L’«anima bella», nata nell’atmosfera romantica e celebrata da Goethe, è diventata da Hegel in poi un epiteto: «Avendo la Storia preso il posto di Dio, chi le si fosse messo contro, intralciandone il cammino scandito da inevitabili ma salvifici delitti con dubbi, contestazioni, distinguo o addirittura resistenze morali» si attirava l’accusa di mettersi «in fuga davanti al destino», rivelandosi «incapace di agire nel mondo, sterile, inutile peso a carico di chi invece intendeva servire la Storia». Nella migliore delle ipotesi, dunque, «uno sciocco sprovveduto, un illuso, un acchiappanuvole, un narcisista che mette sé stesso su un piedistallo, un ingenuo rompiscatole, un ipocrita che usa la purezza come pretesto per giustificare il proprio disimpegno. Nel peggiore dei casi… un nemico oggettivo».
Prendiamo Albert Camus. Nel 1957 va a Stoccolma a ritirare il Nobel. Ci va di malavoglia. Perché la tubercolosi non gli dà tregua. E perché «l’etichetta della cerimonia gli impedisce di presentarsi, insieme alla moglie Francine, anche con l’amante di una vita Maria Casarés e con la nuova fiamma Mi, di ventidue anni più giovane». Fatto sta che durante un incontro pubblico uno studente algerino gli chiede perché è reticente sulla guerra d’Algeria. Lui risponde che non lo è, di essere stato e di continuare a essere «fautore di un’Algeria giusta, sostenitore di una riparazione plateale e totale nei confronti di un popolo di cui ho preso le difese per tutta la vita». Poi aggiunge: «Ma ho sempre condannato un terrorismo che viene esercitato ciecamente e un giorno può colpire mia madre e la mia famiglia. Credo alla giustizia, ma prima della giustizia difenderò mia madre». Basta questa frase, questa nota personale di un «pied-noir» i cui familiari vivevano in Algeria, per procurargli un coro di sdegnate reazioni: «Il filosofo della giustizia si prende gioco della giustizia e ad essa preferisce sua madre», scrive con sarcasmo il direttore di «Le Monde». Come puoi mettere la sorte di un parente davanti alla «grandiosità spietata della Storia»? E invece quella frase – scrive Battista – lungi dall’inficiare l’impegno di Camus in difesa del popolo algerino, «voleva dire che esiste un punto di arresto, un’intimazione morale a fermarsi un centimetro prima dell’abisso, un rifiuto di cadere nel precipizio dell’orrore dove l’inviolabilità delle persone viene azzerata e la giustizia si ritorce nel suo opposto». Ai «censori che hanno sempre collocato la propria poltrona nel segno della Storia», Camus non cederà: «Voglio lottare per la giustizia. Non per la punizione degli uni e la vendetta degli altri».

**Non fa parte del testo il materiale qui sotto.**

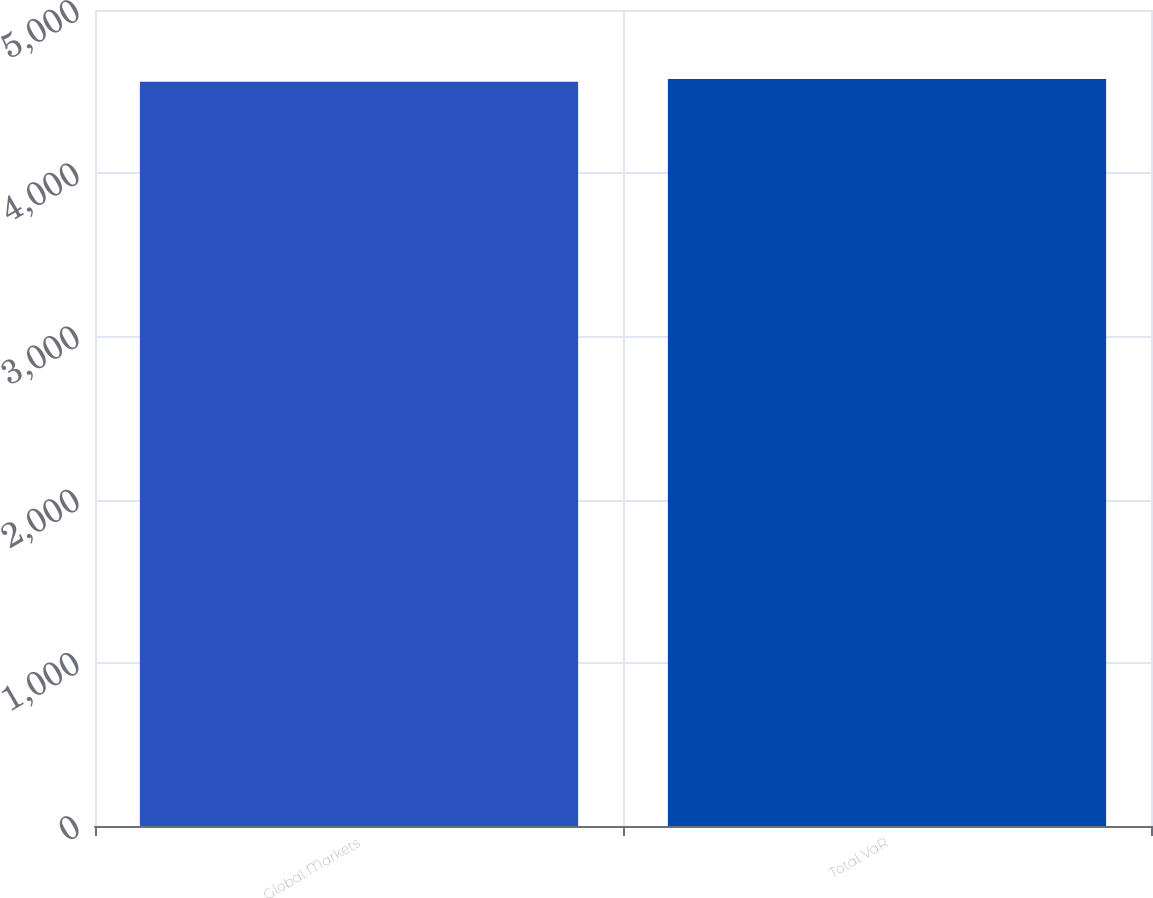<chart> <loc_0><loc_0><loc_500><loc_500><bar_chart><fcel>Global Markets<fcel>Total VaR<nl><fcel>4561<fcel>4577<nl></chart>

Oppure prendiamo George Orwell, un altro per cui «tradire la propria appartenenza per non tradire sé stesso era un abito naturale». Andò a combattere nella guerra civile spagnola «da solo, cane sciolto, non affiliato ad alcuna compagine politica». Gli capita di vedere un fascista che sta balzando fuori da una trincea per sfuggire a un improvviso bombardamento. Non aveva avuto «il tempo di vestirsi, si reggeva i pantaloni con ambedue le mani», racconta. Lui può sparare, abbatterlo con facilità, ma non lo fa: «Ero venuto per colpire un fascista, ma un uomo che si regge i pantaloni che stanno per cascargli non è un fascista, è evidentemente un nostro simile, e questo pensiero mi tolse ogni desiderio di sparargli». Battista commenta: «La lezione dei miei tre eroi culturali è il rispetto degli esseri umani nella loro concretezza, e non come materiale da sacrificare nel nome di un fine superiore».

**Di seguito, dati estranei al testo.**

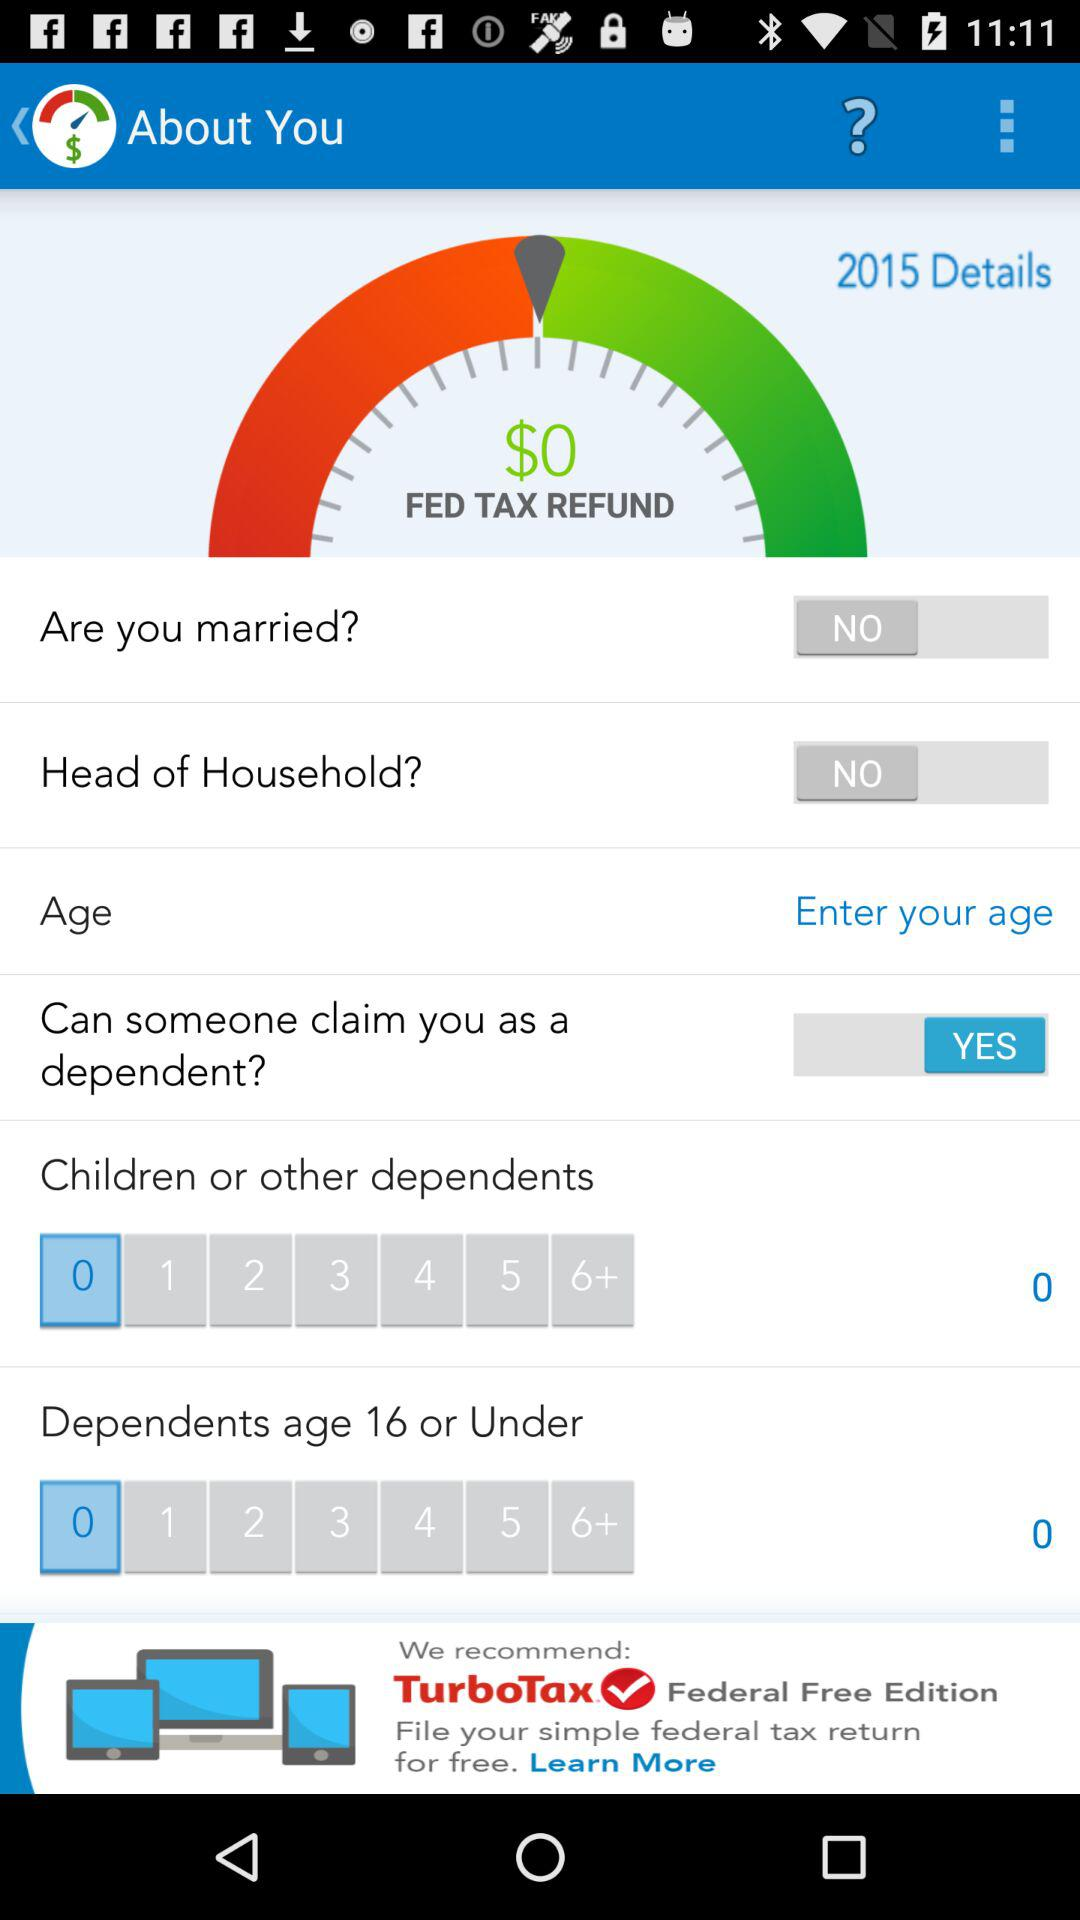What is the status of "Are you married"? The status is "off".

Dall’altra parte della barricata c’è invece Brecht, che scrive: «Abbraccia il boia ma trasforma il mondo, ne ha bisogno». C’è Sartre, che in Le mani sporche fa dire a uno dei protagonisti: «Come tieni alla purezza, ragazzo! Come hai paura di sporcarti le mani! Voialtri trovate la scusa per non fare nulla… io, le mani le ho sporche. Le ho affondate nel sangue e nella merda fino ai gomiti». Ecco il «ricatto morale che le anime belle respingono con fierezza». Orwell si sdegnò con W.H. Auden per due strofe della poesia «Spain» sull’«accettazione consapevole della colpa per l’assassinio necessario». Per lui l’assassinio non poteva mai essere necessario. Rifiutava ciò che Finkielkraut ha definito l’«idealismo della crudeltà». Detestava Ezra Pound per la sua infatuazione fascista, ma si batté contro chi voleva negargli un premio letterario per le sue sbandate politiche: «La caccia al traditore è una delle cose più moralmente disgustose che ci lascia in eredità la guerra».

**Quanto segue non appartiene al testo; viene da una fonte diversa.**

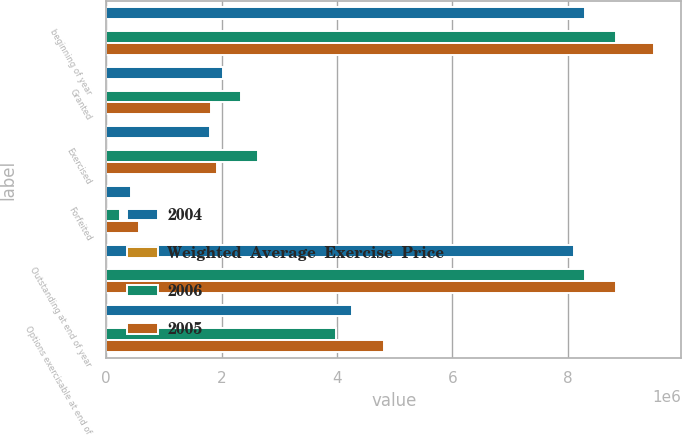<chart> <loc_0><loc_0><loc_500><loc_500><stacked_bar_chart><ecel><fcel>beginning of year<fcel>Granted<fcel>Exercised<fcel>Forfeited<fcel>Outstanding at end of year<fcel>Options exercisable at end of<nl><fcel>2004<fcel>8.30141e+06<fcel>2.0307e+06<fcel>1.80565e+06<fcel>423568<fcel>8.10289e+06<fcel>4.26274e+06<nl><fcel>Weighted  Average  Exercise  Price<fcel>19.38<fcel>38.17<fcel>17.06<fcel>26.09<fcel>24.26<fcel>18.03<nl><fcel>2006<fcel>8.83271e+06<fcel>2.33665e+06<fcel>2.63325e+06<fcel>234708<fcel>8.30141e+06<fcel>3.98775e+06<nl><fcel>2005<fcel>9.49036e+06<fcel>1.82047e+06<fcel>1.91678e+06<fcel>561336<fcel>8.83271e+06<fcel>4.81316e+06<nl></chart>

E infine Hanna Arendt, l’autrice dell’«analogia sacrilega», perché nelle Origini del totalitarismo ha osato includere nella stessa categoria sia il nazismo, da cui era fuggita perché ebrea e che le strappò la cittadinanza tedesca, sia il comunismo. Definita una «propagandista della guerra fredda» per non aver accettato «una gerarchia di accettabilità tra le fosse comuni» e tra i lager. Scomunicata e ostracizzata per il suo reportage sul processo Eichmann a Gerusalemme, dove era andata per capire i meccanismi profondi dell’abiezione e aveva visto ciò che le appariva essere «la banalità del male». Dissero che con quel libro aveva dimostrato di «odiare il suo popolo», di aver «calunniato le vittime e scagionato le SS», di aver reso Eichmann «accettabile». L’Anti-Defamation League invitò i rabbini d’America a predicare contro il libro per il Capodanno ebraico. Golo Mann ne sconsigliò preventivamente la pubblicazione stessa. Il settimanale francese «Nouvel Observateur» si chiese: «Est-elle nazie?». Addirittura. Barbara Tuchman toccò l’apice, chiamando la Arendt «Hanna Heidegger». Sosteneva che la scrittrice aveva difeso Eichmann, e che l’aveva fatto per proteggere Heidegger, il suo professore di filosofia e amante segreto, del quale aveva disprezzato il sostegno al nazismo, ma che non era mai riuscita a smettere di amare e desiderare. Perché anche le anime belle – chiosa Battista – «sono anime piene di contrasti, sono volubili e testarde allo stesso tempo, si contraddicono, sono infelici, ambigue, complicate». Ma ci hanno insegnato a «non permettere mai che i sogni di un mondo perfetto ci distolgano dalle rivendicazioni degli uomini che soffrono qui e ora» (Karl Popper).